• Exercise details: Reproduce the listing in full, pictures excluded.

• Data excerpt:
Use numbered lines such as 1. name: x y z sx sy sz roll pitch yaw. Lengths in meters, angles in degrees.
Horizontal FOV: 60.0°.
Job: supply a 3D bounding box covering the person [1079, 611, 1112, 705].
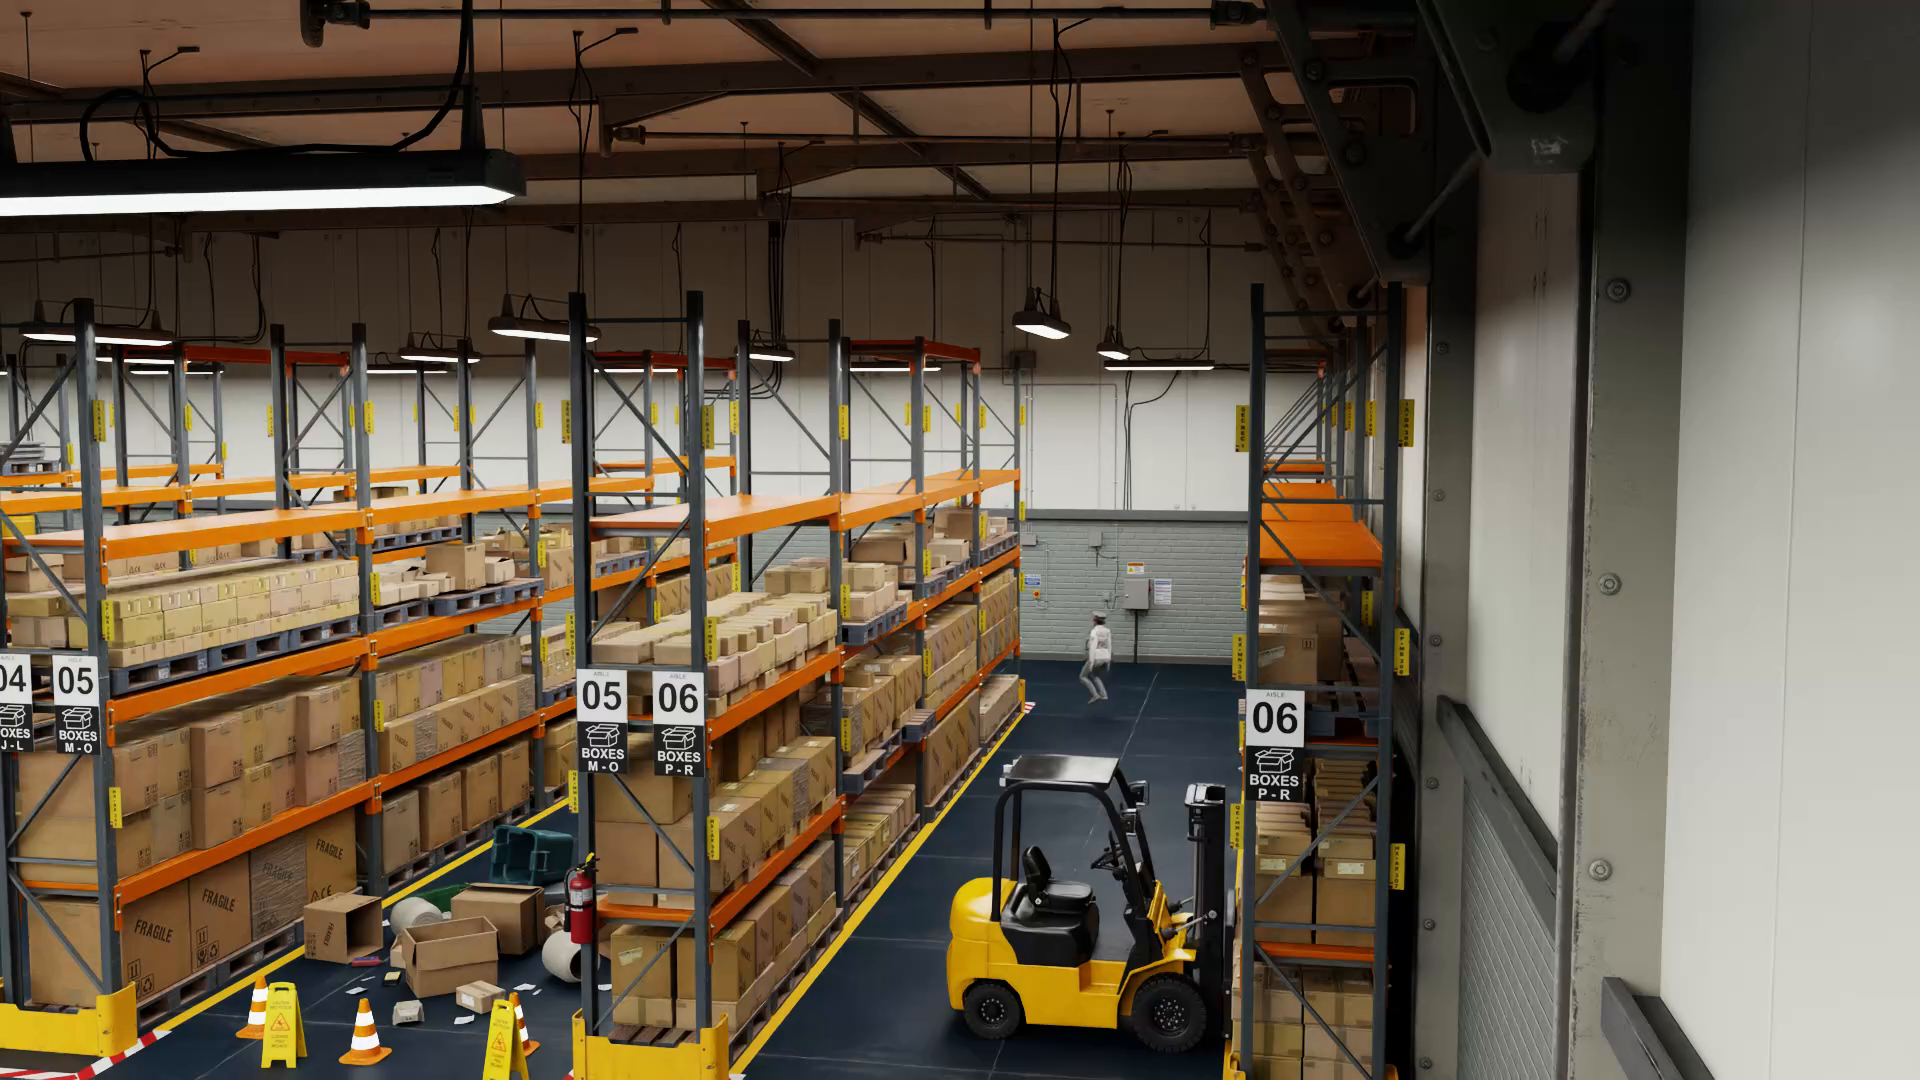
1. person: 2.294 1.962 27.747 0.507 1.564 0.459 -4 6 -39

• Response to the task:
Use numbered lines such as 1. name: x y z sx sy sz roll pitch yaw. Lengths in meters, angles in degrees.
Horizontal FOV: 60.0°.
Job: supply a 3D bounding box covering the person [1079, 611, 1112, 705].
1. person: 2.294 1.962 27.747 0.507 1.564 0.459 -4 6 -39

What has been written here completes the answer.